Road accidents, mostly due to reckless driving by human drivers, have been a growing havoc. It's being reported that India has been losing 3.0 per cent of its gross domestic product (GDP) every year, equivalent to $58 billion, to road accidents, according to a study report of the United Nations Economic and Social Commission for Asia and the Pacific (UNESCAP) released in 2016. It's estimated that Bangladesh is losing almost 2.0 per cent GDP to road accidents. Even in advanced countries, cost for road accident is also alarmingly high. For example, material loss caused by road accidents in Japan stands at $63 billion every year. Most importantly, loss of human life to road accidents is disturbingly high, particularly in developing countries. As of 2016, yearly global death toll in road accidents is 1.3 million. According to the Times of India, 410 people are being killed by road accidents every day. The obvious question is: should we protect drivers' jobs at the cost of huge loss of materials and human lives, caused by accidents primarily due to drivers' faults?

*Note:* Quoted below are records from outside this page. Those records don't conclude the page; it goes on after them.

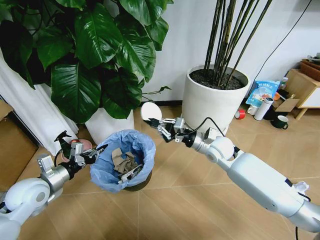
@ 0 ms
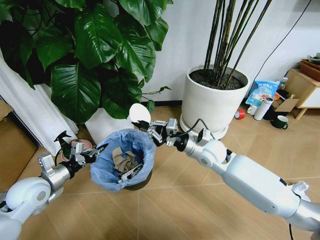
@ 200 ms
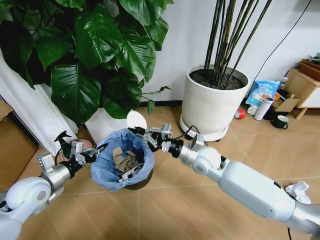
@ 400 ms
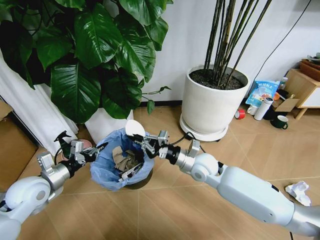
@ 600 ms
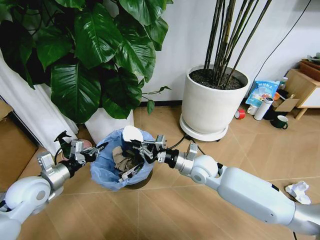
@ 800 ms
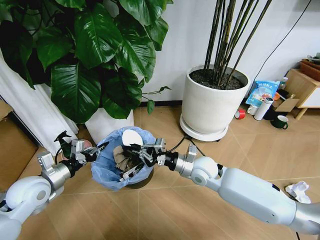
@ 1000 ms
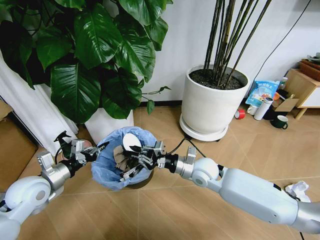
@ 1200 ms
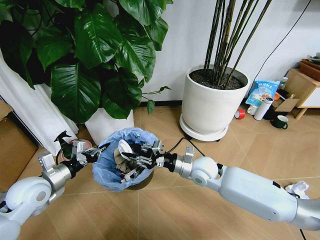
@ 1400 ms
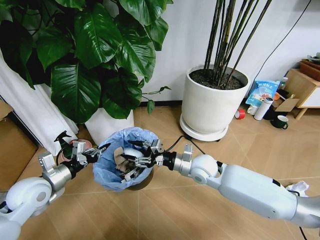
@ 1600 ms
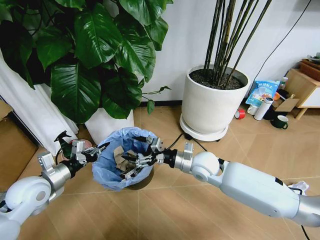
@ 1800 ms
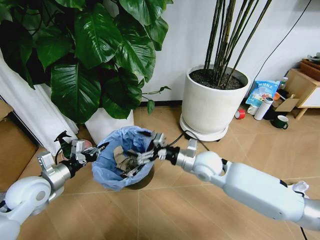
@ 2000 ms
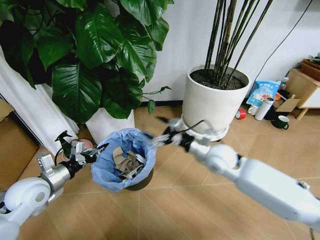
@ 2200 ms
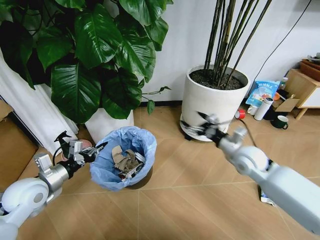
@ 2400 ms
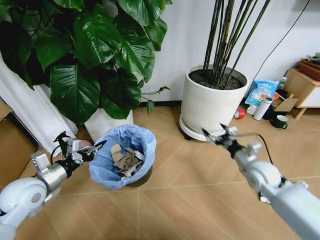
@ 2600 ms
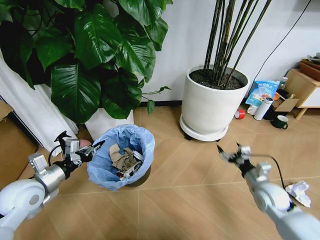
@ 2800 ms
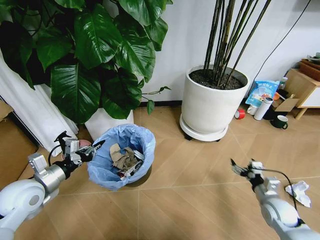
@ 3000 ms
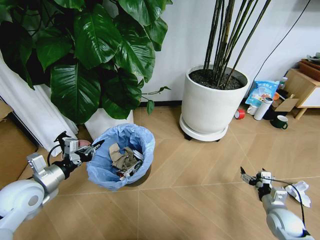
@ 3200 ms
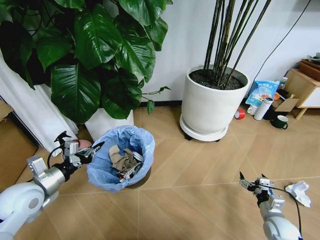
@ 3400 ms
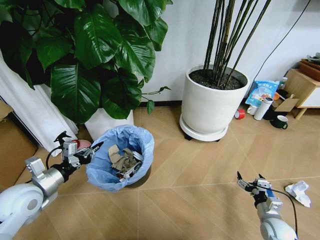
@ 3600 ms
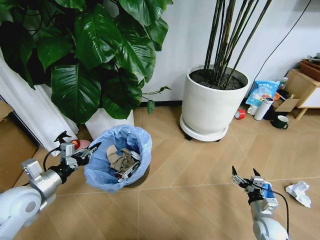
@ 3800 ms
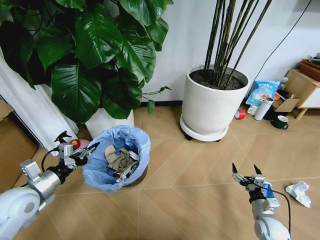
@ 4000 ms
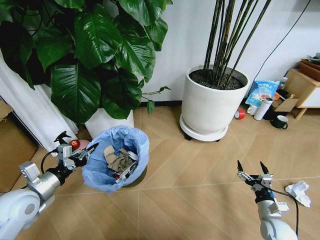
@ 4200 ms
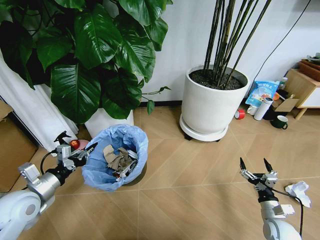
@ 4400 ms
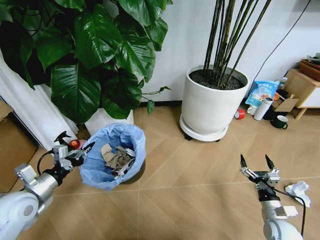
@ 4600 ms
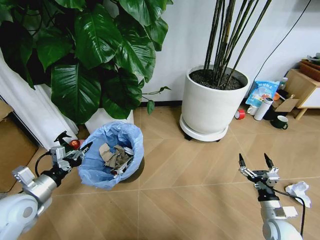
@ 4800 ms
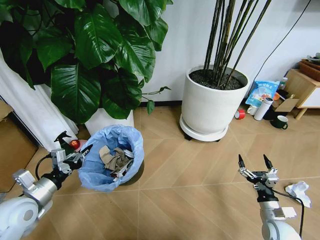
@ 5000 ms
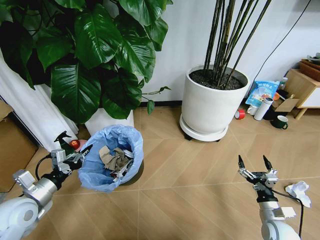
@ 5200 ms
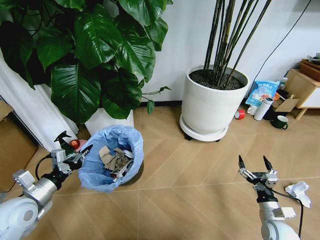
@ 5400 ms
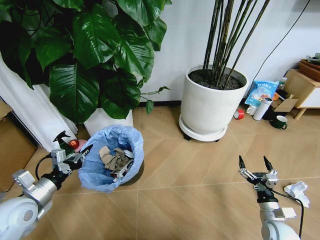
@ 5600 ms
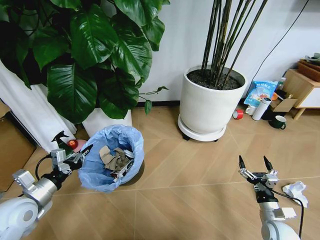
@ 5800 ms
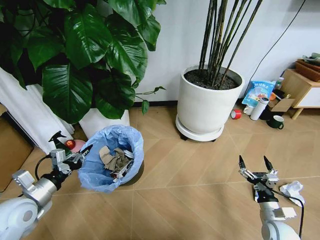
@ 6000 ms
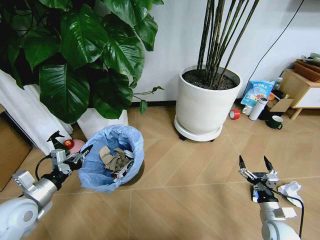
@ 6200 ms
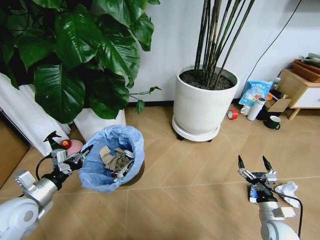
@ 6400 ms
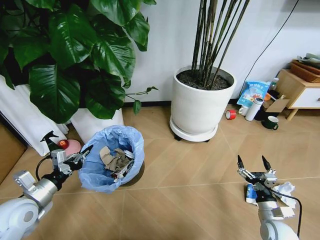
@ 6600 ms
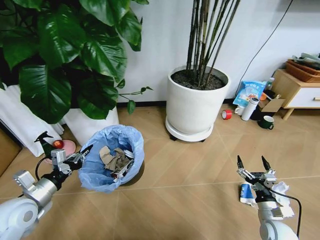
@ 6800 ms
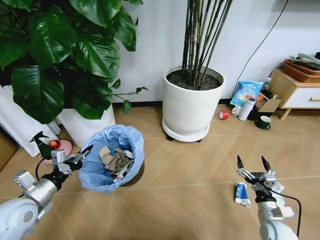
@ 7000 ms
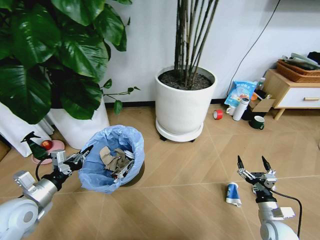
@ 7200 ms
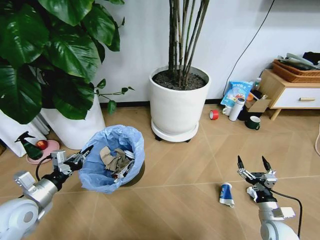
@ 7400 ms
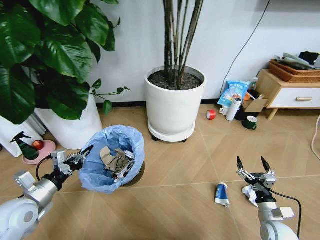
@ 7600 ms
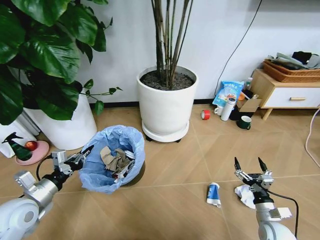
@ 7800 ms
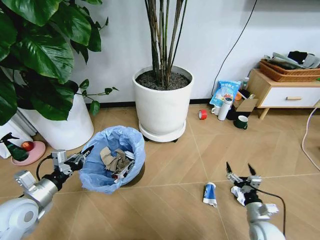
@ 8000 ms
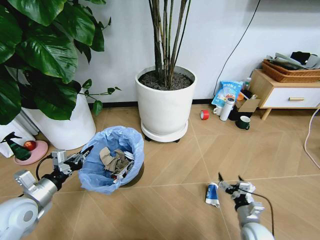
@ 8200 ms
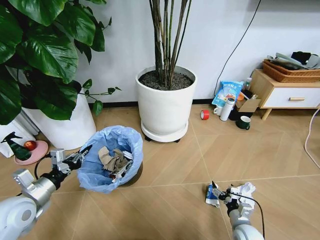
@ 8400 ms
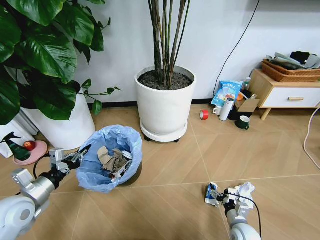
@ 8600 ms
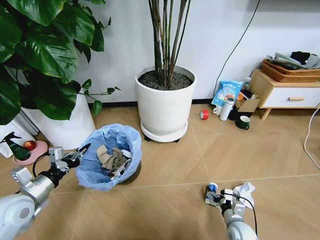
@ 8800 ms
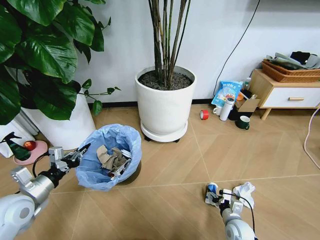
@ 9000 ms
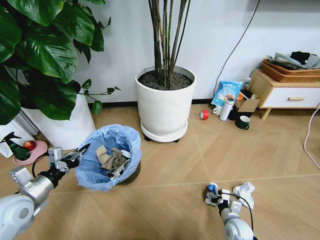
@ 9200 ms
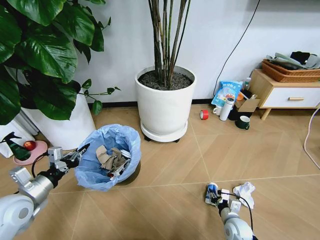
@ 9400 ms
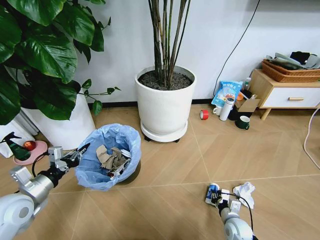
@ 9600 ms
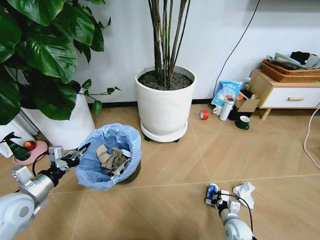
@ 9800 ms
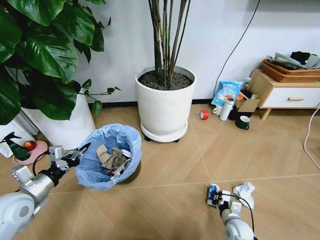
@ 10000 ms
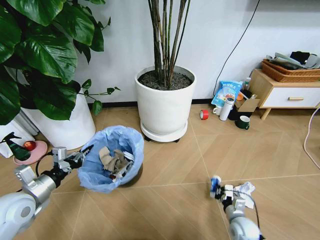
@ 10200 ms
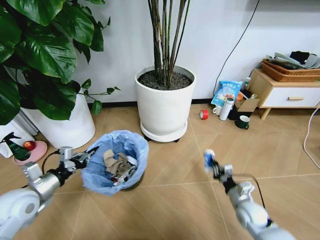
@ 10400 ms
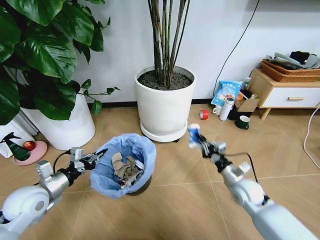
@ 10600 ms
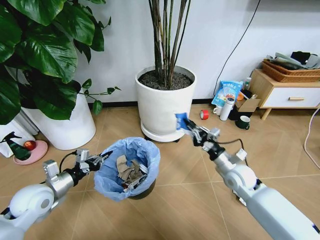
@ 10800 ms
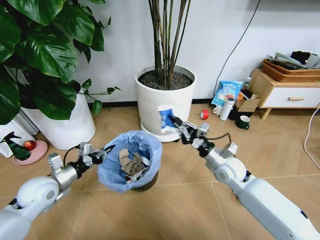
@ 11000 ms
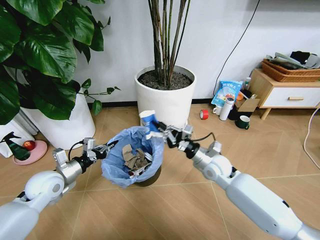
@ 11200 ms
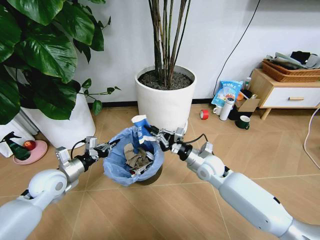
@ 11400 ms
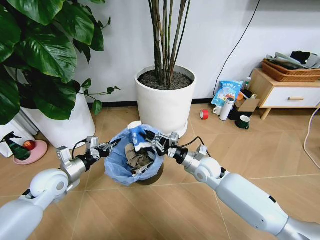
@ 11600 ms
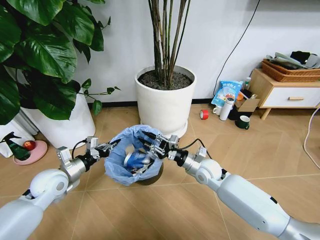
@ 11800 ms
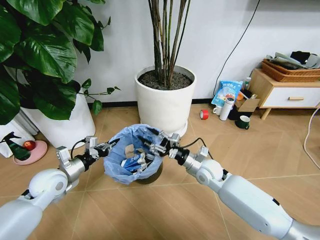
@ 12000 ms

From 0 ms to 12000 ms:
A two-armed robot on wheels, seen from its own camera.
Task of the whole recording: Pick up the trash bin and place the garbage on the floor into it.
From 0 ms to 1600 ms: The right gripper heads to the left and backward, covering approximately 10 cm, and opens.
From 1600 ms to 3000 ms: The right gripper travels to the right, downward and backward by roughly 30 cm, and opens up.
From 3000 ms to 4400 ms: The right gripper heads backward, covering approximately 5 cm.
From 7600 ms to 9000 ms: The right gripper travels to the left and downward by approximately 10 cm.
From 9000 ms to 10400 ms: The right gripper travels upward by roughly 5 cm, and closes its fingers.
From 10400 ms to 12000 ms: The left gripper shifts about 5 cm forward, while the right gripper is displaced to the left, forward and upward by about 25 cm, and opens.

Another relevant issue is that autonomous cars are not matured enough to manoeuvre with unstructured, crowded roads and streets of developing countries. Moreover, there is no certainty that autonomous cars will cause fewer accidents than human-driven cars do. There is no denial that autonomous cars are at the early stage. Many technology issues need to be sorted out to make them a reliable alternative. Like many other disruptive innovations, it's at the primitive stage, far from being a preferred substitute to human drivers. But indications are there that it's progressing, and at rapid pace. The study of Boston Consulting Group predicts that the global autonomous cars market is expected to be worth $42 billion by 2025 and $77 billion by 2035. It's expected that by 2035, a quarter of all cars sold could be autonomous vehicles.

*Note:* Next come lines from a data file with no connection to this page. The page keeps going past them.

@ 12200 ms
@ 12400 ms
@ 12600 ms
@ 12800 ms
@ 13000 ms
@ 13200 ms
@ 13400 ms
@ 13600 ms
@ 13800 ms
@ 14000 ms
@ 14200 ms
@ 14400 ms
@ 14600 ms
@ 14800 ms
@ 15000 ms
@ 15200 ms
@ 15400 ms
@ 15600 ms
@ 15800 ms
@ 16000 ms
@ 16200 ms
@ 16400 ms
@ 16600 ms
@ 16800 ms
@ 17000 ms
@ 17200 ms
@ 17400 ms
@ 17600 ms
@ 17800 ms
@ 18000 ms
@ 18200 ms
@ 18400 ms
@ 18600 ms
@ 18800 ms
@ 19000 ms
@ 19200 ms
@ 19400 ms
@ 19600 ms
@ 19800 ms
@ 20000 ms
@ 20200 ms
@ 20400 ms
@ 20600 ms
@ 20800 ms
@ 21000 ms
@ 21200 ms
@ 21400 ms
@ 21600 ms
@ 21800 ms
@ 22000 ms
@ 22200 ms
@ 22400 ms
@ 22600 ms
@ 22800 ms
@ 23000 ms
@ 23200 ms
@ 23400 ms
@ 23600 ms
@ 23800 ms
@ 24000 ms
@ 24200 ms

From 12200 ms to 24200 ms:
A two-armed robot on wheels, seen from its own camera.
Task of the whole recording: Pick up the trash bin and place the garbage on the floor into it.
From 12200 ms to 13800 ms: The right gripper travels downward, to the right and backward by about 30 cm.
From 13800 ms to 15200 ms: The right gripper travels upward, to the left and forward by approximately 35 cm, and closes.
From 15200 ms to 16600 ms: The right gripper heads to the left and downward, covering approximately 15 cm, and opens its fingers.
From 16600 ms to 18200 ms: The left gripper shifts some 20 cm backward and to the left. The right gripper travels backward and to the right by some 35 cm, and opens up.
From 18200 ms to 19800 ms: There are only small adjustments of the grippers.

Basically, to benefit from technology, job loss is a must. The basic purpose of technology progression is to delegate roles from humans to machines to get the jobs done better at lower cost. So, job loss is inevitable. The degree of technology progression is measured by the extent to which job loss takes place-- the better the technology, the more the job loss.

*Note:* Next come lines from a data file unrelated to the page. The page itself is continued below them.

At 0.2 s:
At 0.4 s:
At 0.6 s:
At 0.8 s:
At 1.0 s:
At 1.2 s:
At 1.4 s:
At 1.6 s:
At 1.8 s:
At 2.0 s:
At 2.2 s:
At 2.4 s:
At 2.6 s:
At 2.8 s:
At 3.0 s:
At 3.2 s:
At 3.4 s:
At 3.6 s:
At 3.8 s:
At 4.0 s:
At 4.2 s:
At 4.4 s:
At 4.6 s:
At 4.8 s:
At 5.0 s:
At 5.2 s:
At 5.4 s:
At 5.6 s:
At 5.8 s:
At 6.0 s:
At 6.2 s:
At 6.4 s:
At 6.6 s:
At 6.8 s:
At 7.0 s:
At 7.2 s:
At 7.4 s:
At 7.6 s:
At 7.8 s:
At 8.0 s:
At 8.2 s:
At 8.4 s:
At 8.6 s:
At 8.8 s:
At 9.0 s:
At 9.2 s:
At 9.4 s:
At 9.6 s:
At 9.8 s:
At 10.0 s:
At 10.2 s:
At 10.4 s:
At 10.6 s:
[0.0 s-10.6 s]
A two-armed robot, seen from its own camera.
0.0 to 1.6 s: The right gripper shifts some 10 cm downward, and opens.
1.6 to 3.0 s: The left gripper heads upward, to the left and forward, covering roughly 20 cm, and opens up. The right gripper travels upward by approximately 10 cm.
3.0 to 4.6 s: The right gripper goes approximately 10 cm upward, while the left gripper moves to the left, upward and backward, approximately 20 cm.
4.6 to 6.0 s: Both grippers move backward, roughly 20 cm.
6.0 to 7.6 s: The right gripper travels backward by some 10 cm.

Jobloss-free technology progression is basically a myth. The extent of job loss caused by technology progression is a measure of new wealth created; and the world needs more wealth to meet growing consumption. We don't consume jobs, but wealth. Instead of protecting jobs by saying no to technology, we should rather relocate jobs by taking the advantage of advanced technologies.
The second question is about the possibility of reducing the road accidents with the emergence of auto cars. Human drivers have some basic limitations. For example, the need of minimum 700 ms for human drivers to perceive the situation to take action to avoid accidents is a major drawback. Such natural limitation is often the underlying cause of accidents, particularly in developing countries like Bangladesh and India. Other common grounds of human drivers causing accidents are emotion, restlessness, addiction and fatigue. The driverless segment of automobile is mostly in the form of software. And software does not suffer from such limitations. But the capacity of software to sense, perceive and reason better than human drivers on varying road conditions is yet to be proven. Theory suggests that it is an achievable target, but it may need an unpredictable amount of time. The continuous air traffic safety record improvement could be an encouraging reference. According to available statistics, fatal accidents in commercial aviation have fallen every decade since the 1950s, a significant achievement given the massive growth in air travel since then. There were 40 fatal accidents per one million aircraft departures in the US in 1959, which fell to less than two in every million departures within 10 years. This falling trend continued reaching around 0.1 per million today. Moreover, during this period both the size and complexity of commercial jet liners grew substantially, from Boeing 707 to the emergence of Airbus 380. But the number of human pilots did not increase. This underpins the increasing role delegation of flying from human pilots to autonomous flying capability, commonly known as autopiloting. Such role delegation is also increasing in automobiles reaching a state of fully autonomous driving.
The trend indicates that self-driven cars are going to be a better alternative to the current option. Among many other benefits, 25 per cent of seat space in passenger cars will be released. Like many other technology progression, driverless cars are opening the opportunity of creating additional wealth, by increasing utilisation factor-whether vehicles themselves or the road infrastructure--and reducing road accidents. It's no longer a technology debate, rather preparing for an opportunity of creating new wealth -- what we need most.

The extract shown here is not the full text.